Entre os negócios está uma casa adquirida por Alir Terra Lima, então presidente da Santa Casa, em janeiro de 2025 por R$ 400 mil. Conforme escritura citada na investigação, o pagamento foi feito em espécie.
Também foram analisadas aquisições atribuídas ao advogado Paulo da Cruz Duarte e à esposa. Um apartamento de R$ 350 mil teria sido pago em moeda corrente nacional, enquanto outro, de R$ 670 mil, foi adquirido durante período em que empresas ligadas ao advogado recebiam pagamentos da Santa Casa Saúde.
A existência das aquisições, isoladamente, não comprova que os imóveis tenham sido comprados com dinheiro desviado. É justamente a origem dos recursos utilizados nessas transações que integra o rastreamento patrimonial.
R$ 9,6 milhões saíram da operadora
Outra frente da Operação Antidotum envolve contratos celebrados pela Operadora Santa Casa Saúde.

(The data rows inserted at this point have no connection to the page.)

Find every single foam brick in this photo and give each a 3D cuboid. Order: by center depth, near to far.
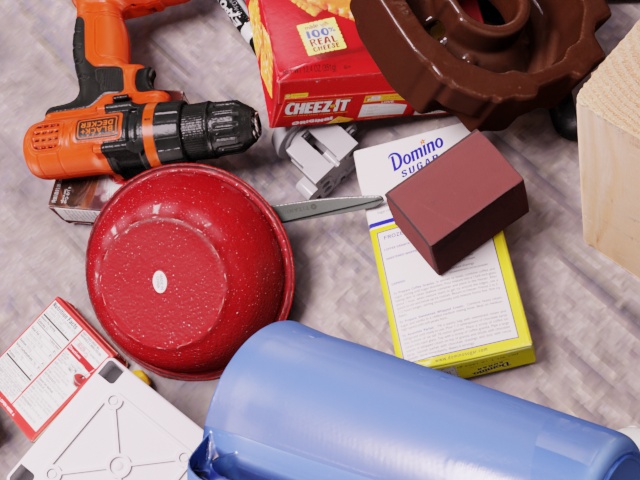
[{"bbox_3d":[0.091,-0.025,0.710,0.078,0.053,0.051,-35,63,-4],"label":"foam brick"}]

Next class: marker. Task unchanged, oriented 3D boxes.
[{"bbox_3d":[-0.067,-0.189,0.887,0.020,0.020,0.121,-33,64,0],"label":"marker"}]

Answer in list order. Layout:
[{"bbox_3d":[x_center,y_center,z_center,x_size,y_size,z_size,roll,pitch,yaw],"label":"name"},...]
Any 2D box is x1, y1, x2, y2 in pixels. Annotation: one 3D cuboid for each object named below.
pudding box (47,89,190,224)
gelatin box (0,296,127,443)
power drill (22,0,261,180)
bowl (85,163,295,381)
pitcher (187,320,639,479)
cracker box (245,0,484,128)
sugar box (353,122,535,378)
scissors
[{"bbox_3d":[-0.157,-0.067,0.852,0.090,0.039,0.113,4,70,17],"label":"pudding box"},{"bbox_3d":[-0.201,0.099,0.804,0.073,0.030,0.089,40,83,26],"label":"gelatin box"},{"bbox_3d":[-0.134,-0.137,0.825,0.184,0.057,0.187,-5,64,10],"label":"power drill"},{"bbox_3d":[-0.102,0.027,0.755,0.162,0.055,0.162,1,96,13],"label":"bowl"},{"bbox_3d":[0.051,0.138,0.621,0.243,0.145,0.149,11,61,36],"label":"pitcher"},{"bbox_3d":[0.026,-0.197,0.808,0.164,0.072,0.214,-6,66,-12],"label":"cracker box"},{"bbox_3d":[0.085,0.009,0.753,0.093,0.048,0.176,-14,62,9],"label":"sugar box"},{"bbox_3d":[-0.055,0.001,0.786,0.202,0.016,0.096,7,113,12],"label":"scissors"}]

Segundo documentos apresentados pelo Gecoc à Justiça, empresas vinculadas a Paulo da Cruz Duarte teriam recebido R$ 9.617.738,49 somente em 2025 para serviços em diferentes áreas, entre elas cobrança, atendimento, comercialização de planos, administração de beneficiários, telemedicina e publicidade.
No mesmo período, a operadora apresentou resultado negativo superior a R$ 3,5 milhões.

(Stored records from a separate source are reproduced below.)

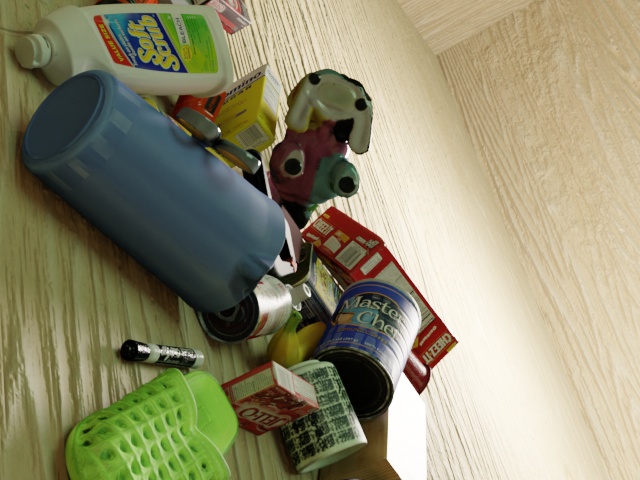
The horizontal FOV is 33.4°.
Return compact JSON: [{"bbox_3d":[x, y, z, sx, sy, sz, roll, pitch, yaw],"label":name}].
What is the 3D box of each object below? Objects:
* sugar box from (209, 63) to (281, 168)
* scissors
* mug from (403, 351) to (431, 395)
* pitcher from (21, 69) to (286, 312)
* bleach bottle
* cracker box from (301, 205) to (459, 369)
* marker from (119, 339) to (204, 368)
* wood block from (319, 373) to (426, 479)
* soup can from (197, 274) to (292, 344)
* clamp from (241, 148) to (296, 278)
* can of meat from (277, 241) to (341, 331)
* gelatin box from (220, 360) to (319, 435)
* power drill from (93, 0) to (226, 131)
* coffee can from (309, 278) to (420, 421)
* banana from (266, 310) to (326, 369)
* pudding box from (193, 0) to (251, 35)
[{"bbox_3d":[-0.100,-0.156,1.354,0.048,0.093,0.176,53,18,-28],"label":"sugar box"},{"bbox_3d":[-0.096,-0.088,1.019,0.096,0.016,0.202,36,-4,2],"label":"scissors"},{"bbox_3d":[0.090,0.171,1.404,0.081,0.093,0.117,51,-3,-19],"label":"mug"},{"bbox_3d":[-0.157,-0.048,0.984,0.242,0.149,0.145,42,41,-42],"label":"pitcher"},{"bbox_3d":[-0.197,-0.188,1.080,0.250,0.068,0.102,-17,94,-52],"label":"bleach bottle"},{"bbox_3d":[0.083,0.065,1.488,0.213,0.072,0.164,51,-7,-31],"label":"cracker box"},{"bbox_3d":[-0.141,0.102,0.954,0.121,0.020,0.020,23,42,-65],"label":"marker"},{"bbox_3d":[0.063,0.236,1.235,0.090,0.090,0.206,56,18,-20],"label":"wood block"},{"bbox_3d":[-0.077,0.070,1.113,0.068,0.069,0.102,65,16,8],"label":"soup can"},{"bbox_3d":[-0.062,-0.019,1.171,0.171,0.039,0.120,57,42,-64],"label":"clamp"},{"bbox_3d":[-0.016,0.064,1.325,0.084,0.057,0.102,57,17,-23],"label":"can of meat"},{"bbox_3d":[-0.053,0.156,1.039,0.089,0.073,0.030,41,28,-53],"label":"gelatin box"},{"bbox_3d":[-0.188,-0.201,1.210,0.187,0.057,0.184,56,28,-26],"label":"power drill"},{"bbox_3d":[0.051,0.123,1.225,0.103,0.103,0.140,57,31,-18],"label":"coffee can"},{"bbox_3d":[-0.026,0.118,1.191,0.037,0.069,0.197,45,0,9],"label":"banana"},{"bbox_3d":[-0.139,-0.334,1.384,0.090,0.039,0.113,28,37,-61],"label":"pudding box"}]
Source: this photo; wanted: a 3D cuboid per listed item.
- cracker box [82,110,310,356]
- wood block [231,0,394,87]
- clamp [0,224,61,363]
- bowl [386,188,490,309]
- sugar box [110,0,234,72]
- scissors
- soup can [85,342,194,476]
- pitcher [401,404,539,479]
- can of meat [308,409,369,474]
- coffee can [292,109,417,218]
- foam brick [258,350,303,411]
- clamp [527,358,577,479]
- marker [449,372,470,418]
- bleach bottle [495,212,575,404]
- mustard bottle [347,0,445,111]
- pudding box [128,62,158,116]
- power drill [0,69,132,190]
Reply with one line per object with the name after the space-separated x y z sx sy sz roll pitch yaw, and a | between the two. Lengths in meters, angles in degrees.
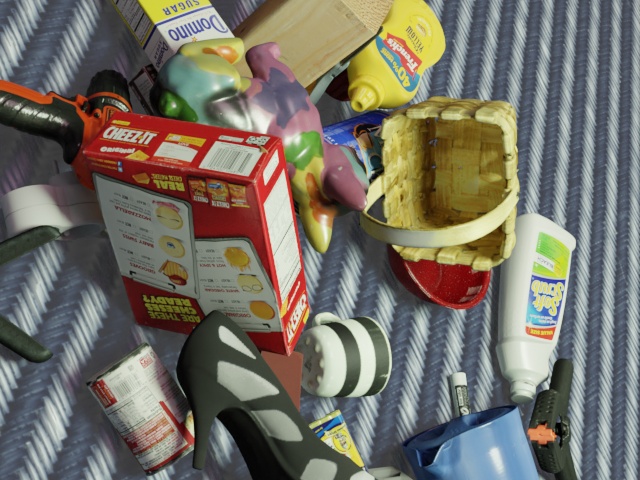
-0.104 -0.005 0.956 0.214 0.164 0.072 81 27 -43 | cracker box
-0.023 -0.231 1.177 0.090 0.207 0.090 42 48 -18 | wood block
-0.300 0.050 0.904 0.171 0.039 0.120 -4 79 -27 | clamp
0.133 0.015 1.296 0.161 0.055 0.162 19 57 -33 | bowl
-0.169 -0.253 1.143 0.093 0.048 0.176 -17 63 -44 | sugar box
0.021 -0.210 1.210 0.016 0.202 0.096 27 50 -19 | scissors
-0.157 0.152 0.966 0.068 0.069 0.102 -37 95 -45 | soup can
0.195 0.306 1.157 0.149 0.145 0.243 -19 86 -9 | pitcher
-0.004 0.227 1.070 0.101 0.058 0.084 -19 81 -44 | can of meat
0.031 -0.086 1.225 0.140 0.103 0.103 -23 85 -45 | coffee can
-0.054 0.149 1.069 0.052 0.051 0.078 23 55 -30 | foam brick
0.276 0.212 1.257 0.209 0.036 0.164 31 57 -65 | clamp
0.169 0.216 1.253 0.020 0.020 0.121 12 62 -37 | marker
0.275 0.093 1.379 0.102 0.068 0.250 30 55 -29 | bleach bottle
0.079 -0.209 1.242 0.096 0.058 0.191 53 45 -21 | mustard bottle
-0.141 -0.157 1.156 0.113 0.039 0.090 -34 93 -46 | pudding box
-0.263 -0.138 1.005 0.187 0.057 0.184 23 29 -23 | power drill

O Ministério Público afirma que diversas empresas contratadas pertenciam ao mesmo grupo econômico e que algumas funcionavam formalmente no mesmo endereço, embora o imóvel indicado estivesse desocupado. O MPMS estima, nesta parte da investigação, prejuízo mínimo de R$ 3,5 milhões.
Digitalização também está sob suspeita
A outra grande frente da investigação é o contrato para digitalização de prontuários médicos.
O acordo previa desembolso de R$ 1,8 milhão por ano durante três anos, totalizando R$ 5,4 milhões. Segundo o Ministério Público, somente no primeiro ano o prejuízo teria chegado a R$ 1,4 milhão, devido a pagamentos realizados sem a correspondente prestação dos serviços.
Dados citados na investigação apontam ainda que a Redvalue recebeu cerca de R$ 2,1 milhões em 14 meses, embora o volume de documentos efetivamente digitalizados representasse aproximadamente 9% da meta prevista no contrato.
Seis continuam presos
A Operação Antidotum foi deflagrada em 11 de setembro, com seis mandados de prisão preventiva e 36 de busca e apreensão cumpridos em Campo Grande, Dourados e Goiânia.
Foram presos Alir Terra Lima, Alessandro Dias Junqueira, Rinaldo Hakme Romano, Paulo Guilherme Guttierrez Mariosa, Monique Gregório de Oliveira e o empresário Maurício Aparecido Benites.
Os seis permaneceram presos após audiência de custódia. Até a manhã desta terça-feira (15), as informações públicas mais recentes indicavam a manutenção das prisões preventivas.
A investigação apura, entre outras suspeitas, possíveis crimes de peculato, lavagem de dinheiro, falsidade ideológica, fraude em contratações e organização criminosa.
A defesa de Alir Terra Lima declarou que ela nega ter cometido irregularidades, disse que a presidente está indignada com as acusações e informou que pretende buscar a revogação da prisão. A Santa Casa, por sua vez, informou que está colaborando com as autoridades e permanece à disposição para prestar esclarecimentos.
Com prisões realizadas, documentos apreendidos e sigilos bancários quebrados, a investigação passa a ter como um de seus principais desafios reconstruir integralmente o fluxo financeiro: quanto saiu da Santa Casa, quem recebeu, para onde o dinheiro foi transferido e que patrimônio poderá eventualmente ser alcançado pela Justiça para ressarcir a instituição.